Элли и Роберт бок о бок ехали на велосипедах вдоль берега озера Шекспир. Маленькая Николь проснулась и невозмутимо оглядывала окружавший ее ландшафт. Они миновали парк, где в День Поселения всегда происходили пикники, и повернули на север.
— Роберт, — весьма серьезным тоном произнесла Элли, — ты уже обдумал наш долгий разговор, состоявшийся прошлой ночью?
— О Накамуре и политике?
— Да, — ответила она. — Я все-таки полагаю, что мы оба должны выступить против его указа, отменяющего выборы до конца войны… Тебя в колонии уважают. И многие из тех, кто работает в здравоохранении, последуют за тобой… Наи полагает, что могут забастовать даже работники фабрики в Авалоне.
— Я не могу этого сделать, — после долгого молчания проговорил Роберт.
— Почему же, дорогой?
— Потому что я не верю в удачный исход… Элли, ты — идеалистка. В твоем мире люди действуют в соответствии с моральными принципами или общественной необходимостью. На самом деле так никогда не бывает. Если мы выступим против Накамуры, нас скорее всего просто засадят в тюрьму. А что тогда будет с дочерью? К тому же нам наверняка откажут в средствах на борьбу с RV-41, и этим беднягам станет еще хуже. Сократят расходы и на госпиталь… Многие люди пострадают из-за нашего идеализма. Как врач я нахожу возможные последствия неприемлемыми.
Элли съехала с велосипедной дорожки в небольшой парк в пяти сотнях метров от первых зданий Сентрал-Сити.
— Почему ты остановилась? — поинтересовался Роберт. — Нас ждут в госпитале.
— Хочется минут пять просто поглядеть на деревья, понюхать цветы и обнять Николь.

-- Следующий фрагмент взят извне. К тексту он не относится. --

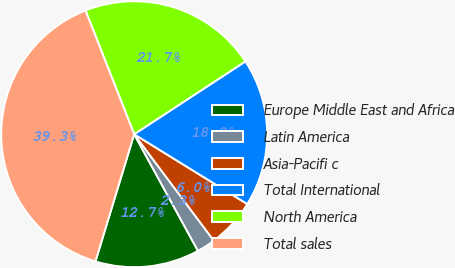Convert chart. <chart><loc_0><loc_0><loc_500><loc_500><pie_chart><fcel>Europe Middle East and Africa<fcel>Latin America<fcel>Asia-Pacifi c<fcel>Total International<fcel>North America<fcel>Total sales<nl><fcel>12.67%<fcel>2.26%<fcel>5.97%<fcel>18.03%<fcel>21.74%<fcel>39.33%<nl></chart> 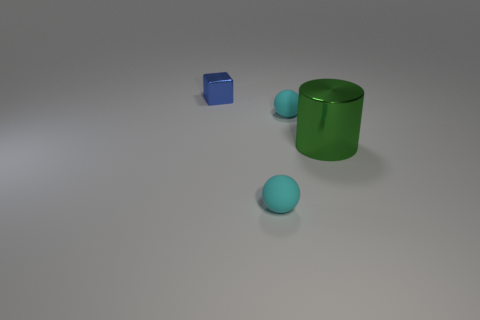Add 2 tiny red matte cylinders. How many objects exist? 6 Subtract all blocks. How many objects are left? 3 Add 4 large purple metal objects. How many large purple metal objects exist? 4 Subtract 0 brown cylinders. How many objects are left? 4 Subtract all green things. Subtract all tiny rubber balls. How many objects are left? 1 Add 1 rubber objects. How many rubber objects are left? 3 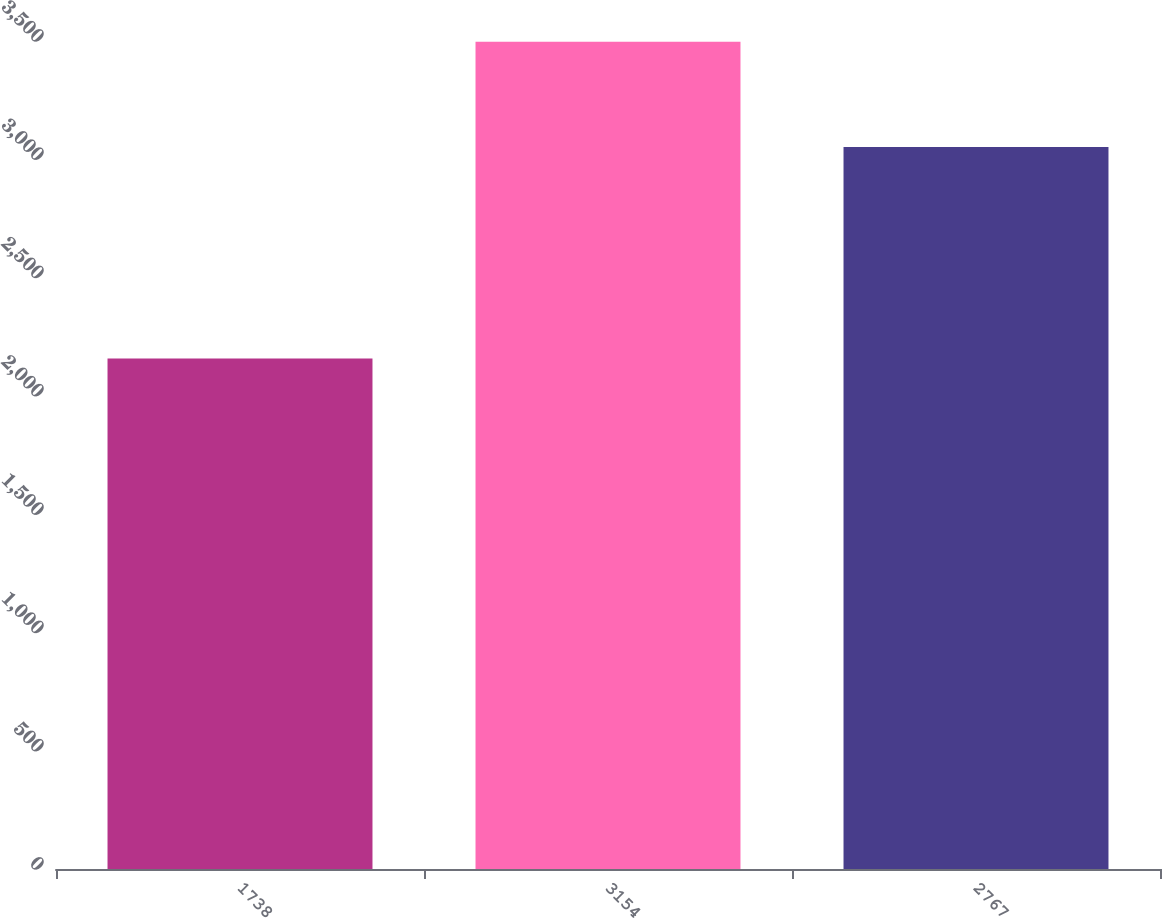Convert chart to OTSL. <chart><loc_0><loc_0><loc_500><loc_500><bar_chart><fcel>1738<fcel>3154<fcel>2767<nl><fcel>2158<fcel>3497<fcel>3052<nl></chart> 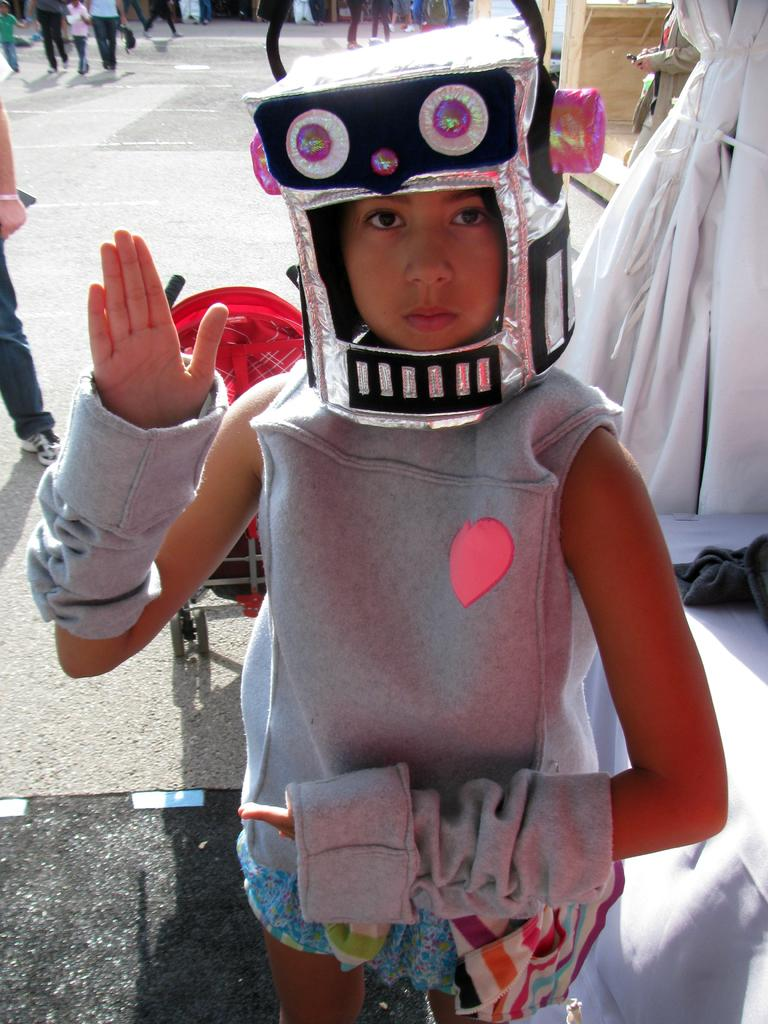What is the main subject of the image? The main subject of the image is a child. What is the child wearing? The child is wearing clothes and a robot mask. What is the setting of the image? There is a footpath in the image. Are there any other people in the image? Yes, there are other people in the image. What are the other people wearing? The other people are wearing clothes and shoes. What are the other people doing? The other people are walking. How many fish can be seen swimming in the image? There are no fish present in the image. What type of tree is visible in the image? There is no tree visible in the image. 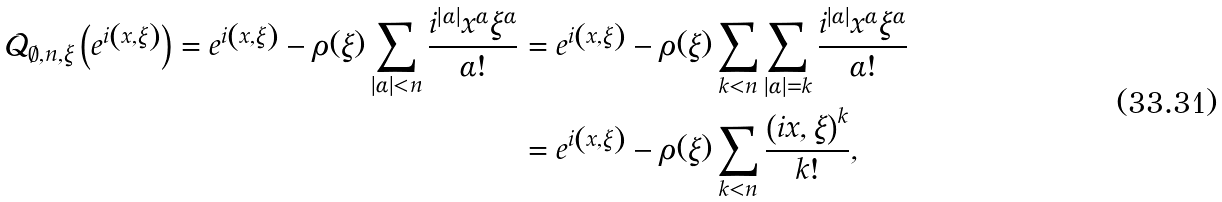<formula> <loc_0><loc_0><loc_500><loc_500>\mathcal { Q } _ { \emptyset , n , \xi } \left ( e ^ { i \left ( x , \xi \right ) } \right ) = e ^ { i \left ( x , \xi \right ) } - \rho ( \xi ) \sum _ { \left | \alpha \right | < n } \frac { i ^ { \left | \alpha \right | } x ^ { \alpha } \xi ^ { \alpha } } { \alpha ! } & = e ^ { i \left ( x , \xi \right ) } - \rho ( \xi ) \sum _ { k < n } \sum _ { \left | \alpha \right | = k } \frac { i ^ { \left | \alpha \right | } x ^ { \alpha } \xi ^ { \alpha } } { \alpha ! } \\ & = e ^ { i \left ( x , \xi \right ) } - \rho ( \xi ) \sum _ { k < n } \frac { \left ( i x , \xi \right ) ^ { k } } { k ! } ,</formula> 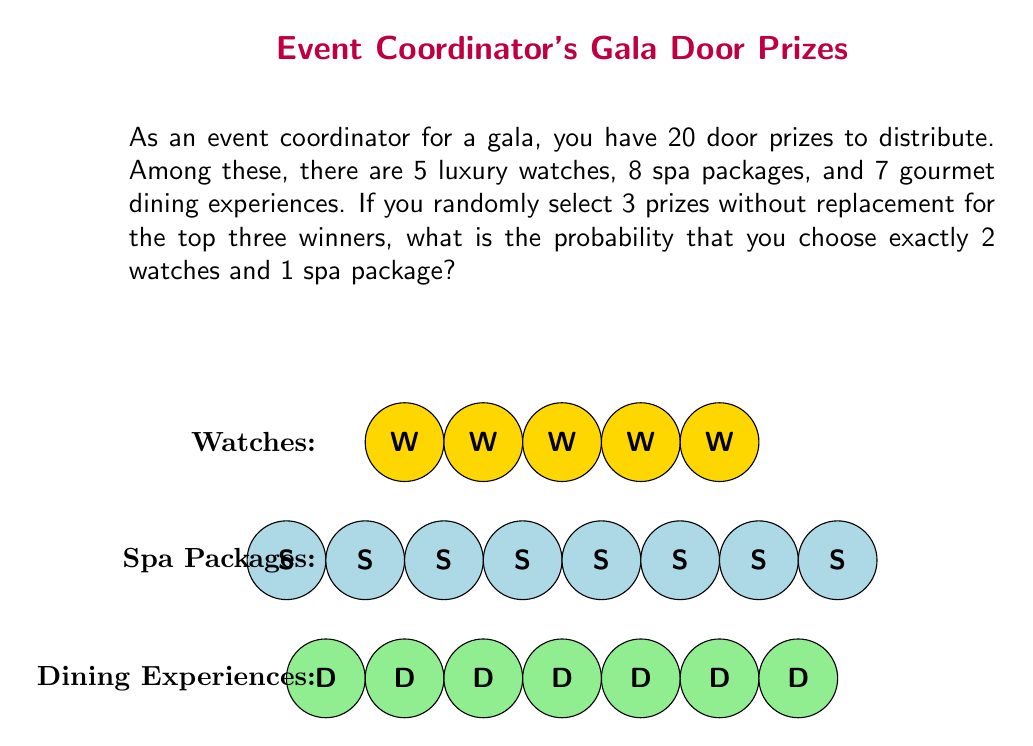Can you answer this question? Let's approach this step-by-step using the concept of combinations:

1) First, we need to calculate the total number of ways to select 3 prizes out of 20. This is given by the combination formula:

   $$\binom{20}{3} = \frac{20!}{3!(20-3)!} = \frac{20!}{3!17!} = 1140$$

2) Now, we need to calculate the number of ways to select 2 watches out of 5 and 1 spa package out of 8:

   Selecting 2 watches: $$\binom{5}{2} = \frac{5!}{2!(5-2)!} = 10$$
   Selecting 1 spa package: $$\binom{8}{1} = 8$$

3) By the multiplication principle, the number of ways to select 2 watches AND 1 spa package is:

   $$10 \times 8 = 80$$

4) The probability is then the number of favorable outcomes divided by the total number of possible outcomes:

   $$P(\text{2 watches and 1 spa package}) = \frac{80}{1140} = \frac{2}{57} \approx 0.0351$$

Thus, the probability of selecting exactly 2 watches and 1 spa package when randomly choosing 3 prizes is $\frac{2}{57}$ or about 3.51%.
Answer: $\frac{2}{57}$

Когда Элли слезла с велосипеда, Роберт помог ей снять с плеч рюкзак с младенцем. Элли уселась на траву, положила Николь к себе на колени. Взрослые молча следили за Николь, внимательно разглядывавшей три травинки, которые она уже сорвала своей короткой ручкой. Наконец Элли расстелила одеяло и нежно положила на него дочь. Потом подошла к мужу и обняла его за шею.
— Я люблю тебя, Роберт, очень-очень люблю. Но приходится признаваться, что иногда я совсем не согласна с тобой.